Portrait of an Artist, as an Old Man
- First edition cover
- Author: Joseph Heller
- Publisher: Simon & Schuster
- Publication date: June 12, 2000
- Pages: 224
- ISBN: 0-7432-0200-7

= Portrait of an Artist, as an Old Man =

2000 novel by Joseph Heller

Portrait of an Artist, as an Old Man is a novel by American writer Joseph Heller, published posthumously in 2000. It is his seventh novel. His final work, it depicts an elderly author as he tries to write a novel that is as successful as his earlier work, mirroring Heller's own career after the success of Catch-22.

==Plot==
The story is of Eugene Pota, a prominent writer who, in his old age, is struggling for that last piece of fiction that could be his magnum opus, or at least on par with his earlier writings. Littered throughout the novel are many of Pota's ideas and drafts of possible stories, such as the sexual biography of his wife, or of Hera's trouble with Zeus.

==Title==
The title is evocatively similar to James Joyce's A Portrait of the Artist as a Young Man.
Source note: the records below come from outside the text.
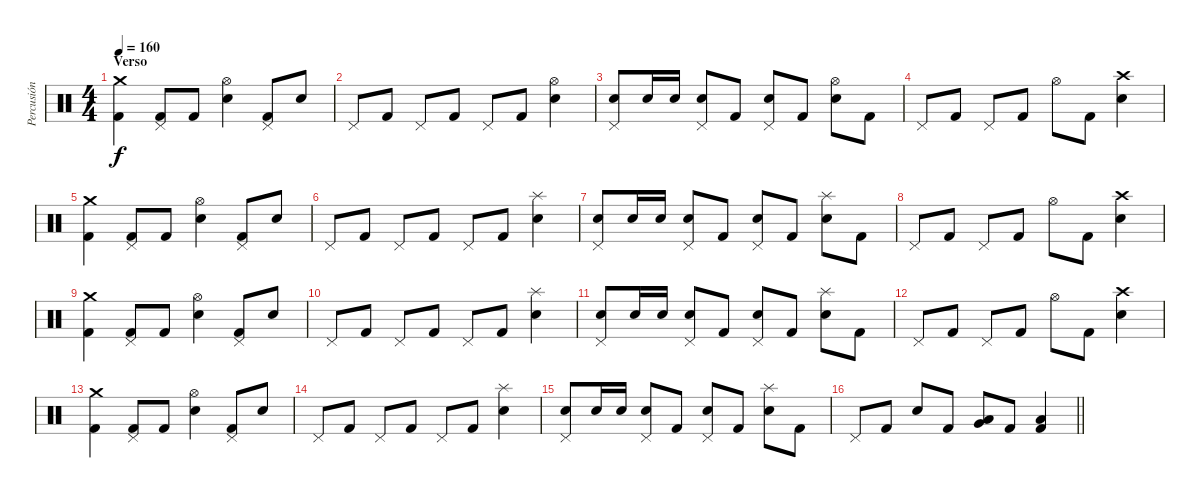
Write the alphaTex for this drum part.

\track ("Percusión" "Percusión") {instrument percussion}
\staff {score}
\articulation defaults
\ts (4 4)
\section ("" "Verso")
\tempo 160
\clef neutral
\ks c
("Crash medium (hit)" "Kick (hit) 2").4{dy f} ("Pedal Hi-Hat (hit)" "Kick (hit) 2").8 "Kick (hit) 2".8 ("Hi-Hat (open)" "Snare (hit) 2").4 ("Pedal Hi-Hat (hit)" "Kick (hit) 2").8 "Snare (hit) 2".8 |
"Pedal Hi-Hat (hit)".8 "Kick (hit) 2".8 "Pedal Hi-Hat (hit)".8 "Kick (hit) 2".8 "Pedal Hi-Hat (hit)".8 "Kick (hit) 2".8 ("Hi-Hat (open)" "Snare (hit) 2").4 |
("Pedal Hi-Hat (hit)" "Snare (hit) 2").8 "Snare (hit) 2".16 "Snare (hit) 2".16 ("Pedal Hi-Hat (hit)" "Snare (hit) 2").8 "Kick (hit) 2".8 ("Pedal Hi-Hat (hit)" "Snare (hit) 2").8 "Kick (hit) 2".8 ("Hi-Hat (open)" "Snare (hit) 2").8 "Kick (hit) 2".8 |
"Pedal Hi-Hat (hit)".8 "Kick (hit) 2".8 "Pedal Hi-Hat (hit)".8 "Kick (hit) 2".8 "Hi-Hat (open)".8 "Kick (hit) 2".8 ("Crash high (hit)" "Snare (hit) 2").4 |
("Crash medium (hit)" "Kick (hit) 2").4 ("Pedal Hi-Hat (hit)" "Kick (hit) 2").8 "Kick (hit) 2".8 ("Hi-Hat (open)" "Snare (hit) 2").4 ("Pedal Hi-Hat (hit)" "Kick (hit) 2").8 "Snare (hit) 2".8 |
"Pedal Hi-Hat (hit)".8 "Kick (hit) 2".8 "Pedal Hi-Hat (hit)".8 "Kick (hit) 2".8 "Pedal Hi-Hat (hit)".8 "Kick (hit) 2".8 ("Splash (hit)" "Snare (hit) 2").4 |
("Pedal Hi-Hat (hit)" "Snare (hit) 2").8 "Snare (hit) 2".16 "Snare (hit) 2".16 ("Pedal Hi-Hat (hit)" "Snare (hit) 2").8 "Kick (hit) 2".8 ("Pedal Hi-Hat (hit)" "Snare (hit) 2").8 "Kick (hit) 2".8 ("Splash (hit)" "Snare (hit) 2").8 "Kick (hit) 2".8 |
"Pedal Hi-Hat (hit)".8 "Kick (hit) 2".8 "Pedal Hi-Hat (hit)".8 "Kick (hit) 2".8 "Hi-Hat (open)".8 "Kick (hit) 2".8 ("Crash high (hit)" "Snare (hit) 2").4 |
("Crash medium (hit)" "Kick (hit) 2").4 ("Pedal Hi-Hat (hit)" "Kick (hit) 2").8 "Kick (hit) 2".8 ("Hi-Hat (open)" "Snare (hit) 2").4 ("Pedal Hi-Hat (hit)" "Kick (hit) 2").8 "Snare (hit) 2".8 |
"Pedal Hi-Hat (hit)".8 "Kick (hit) 2".8 "Pedal Hi-Hat (hit)".8 "Kick (hit) 2".8 "Pedal Hi-Hat (hit)".8 "Kick (hit) 2".8 ("Splash (hit)" "Snare (hit) 2").4 |
("Pedal Hi-Hat (hit)" "Snare (hit) 2").8 "Snare (hit) 2".16 "Snare (hit) 2".16 ("Pedal Hi-Hat (hit)" "Snare (hit) 2").8 "Kick (hit) 2".8 ("Pedal Hi-Hat (hit)" "Snare (hit) 2").8 "Kick (hit) 2".8 ("Splash (hit)" "Snare (hit) 2").8 "Kick (hit) 2".8 |
"Pedal Hi-Hat (hit)".8 "Kick (hit) 2".8 "Pedal Hi-Hat (hit)".8 "Kick (hit) 2".8 "Hi-Hat (open)".8 "Kick (hit) 2".8 ("Crash high (hit)" "Snare (hit) 2").4 |
("Crash medium (hit)" "Kick (hit) 2").4 ("Pedal Hi-Hat (hit)" "Kick (hit) 2").8 "Kick (hit) 2".8 ("Hi-Hat (open)" "Snare (hit) 2").4 ("Pedal Hi-Hat (hit)" "Kick (hit) 2").8 "Snare (hit) 2".8 |
"Pedal Hi-Hat (hit)".8 "Kick (hit) 2".8 "Pedal Hi-Hat (hit)".8 "Kick (hit) 2".8 "Pedal Hi-Hat (hit)".8 "Kick (hit) 2".8 ("Splash (hit)" "Snare (hit) 2").4 |
("Pedal Hi-Hat (hit)" "Snare (hit) 2").8 "Snare (hit) 2".16 "Snare (hit) 2".16 ("Pedal Hi-Hat (hit)" "Snare (hit) 2").8 "Kick (hit) 2".8 ("Pedal Hi-Hat (hit)" "Snare (hit) 2").8 "Kick (hit) 2".8 ("Splash (hit)" "Snare (hit) 2").8 "Kick (hit) 2".8 |
\barLineRight lightlight "Pedal Hi-Hat (hit)".8 "Kick (hit) 2".8 "Snare (hit) 2".8 "Kick (hit) 2".8
("Very Low Tom (hit)" "Low Floor Tom (hit)").8 "Kick (hit) 2".8 ("Low Floor Tom (hit)" "Kick (hit) 2").4
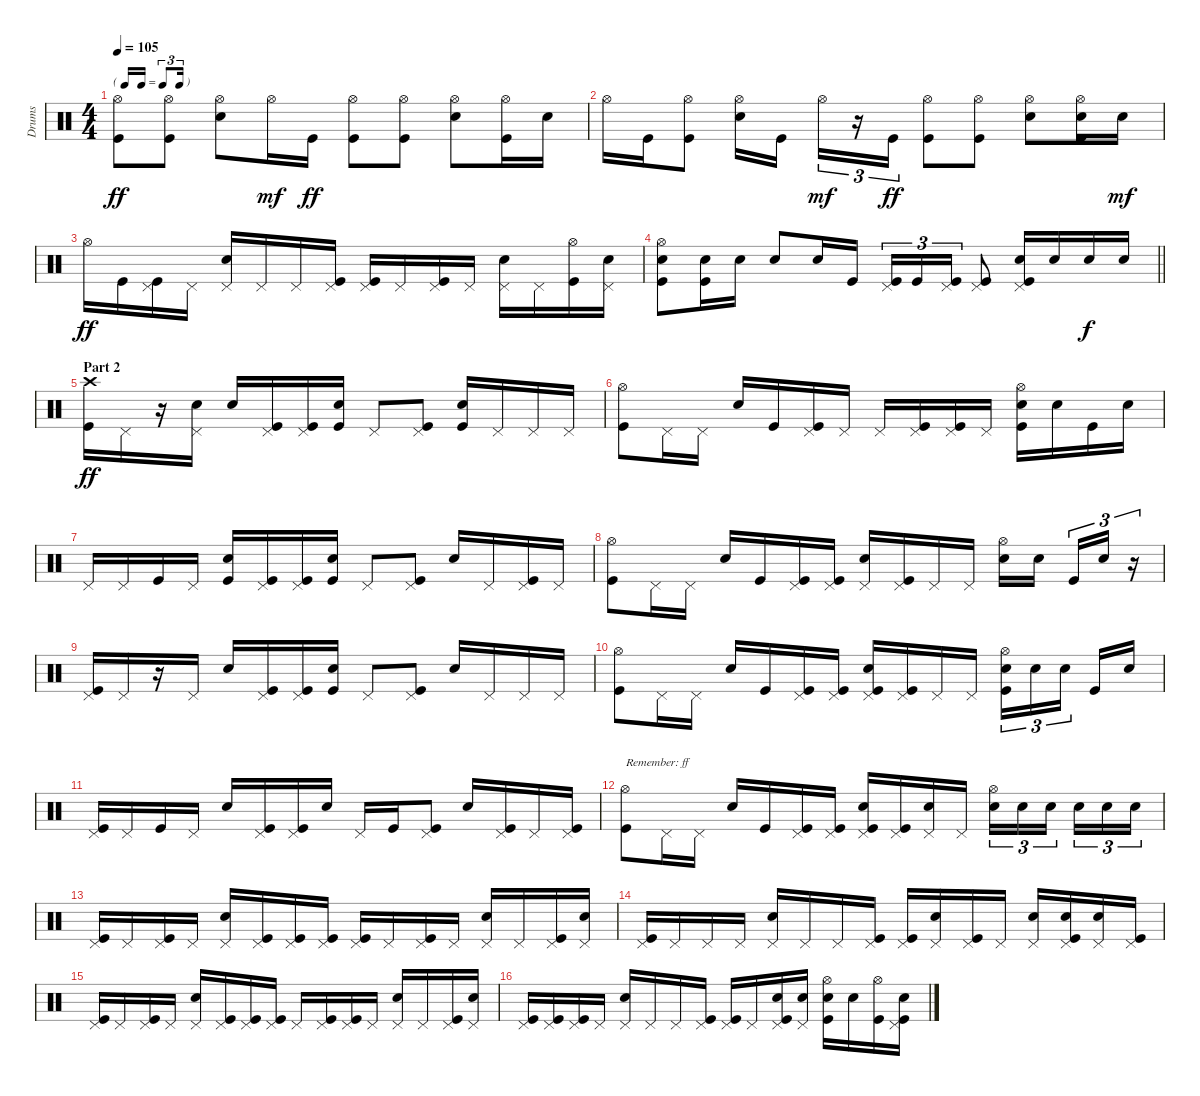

The main character's name "Pota" is possibly the abbreviation of the phrase "Portrait Of The Artist".

==Reception==
Critical reception to the novel was mixed. Michiko Kakutani, chief book critic for The New York Times, judged that "skills Heller did possess in abundance at the height of his career are also sorely lacking in this novel", and called it "a sad coda to a distinguished career." Tim Adams, writing for The Guardian, was more positive, calling it a "moderate success" and describing it as a "caustic self-parody".